» **Exercise instructions**: The material below holds pictures; leave them out, and copy exactly, and only, the lines from the one with "The image spans 99.7° horizontally." through the last.
Information section start
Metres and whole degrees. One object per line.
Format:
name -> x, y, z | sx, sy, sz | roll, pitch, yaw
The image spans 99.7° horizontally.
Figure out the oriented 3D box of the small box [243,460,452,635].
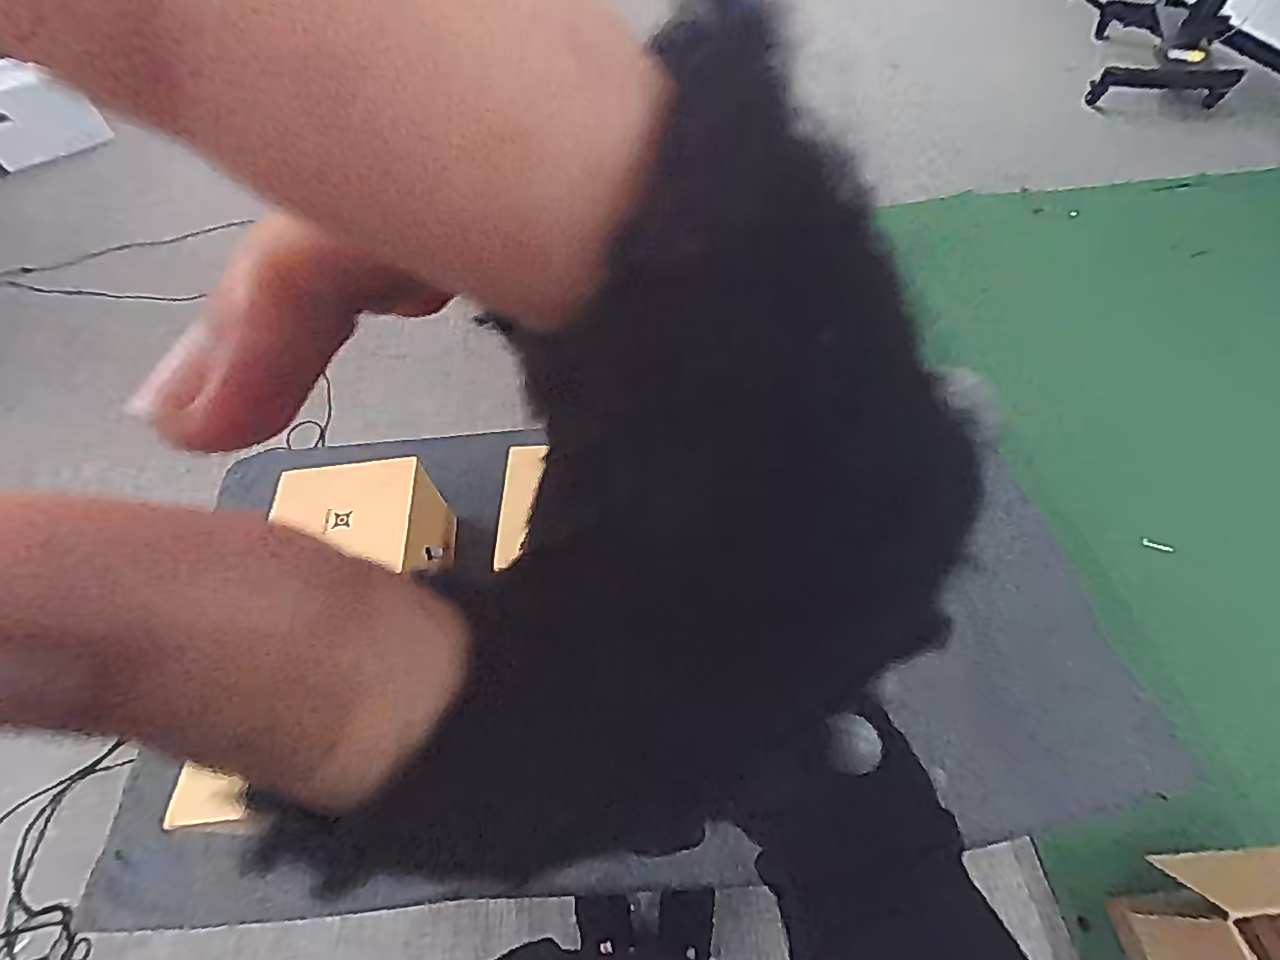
small box -> -0.363, 0.094, 0.714 | 0.179, 0.176, 0.168 | -7, 57, -1
Information section end
» **Reply**:
The image spans 99.7° horizontally.
Figure out the oriented 3D box of the small box [243,460,452,635].
small box -> -0.363, 0.094, 0.714 | 0.179, 0.176, 0.168 | -7, 57, -1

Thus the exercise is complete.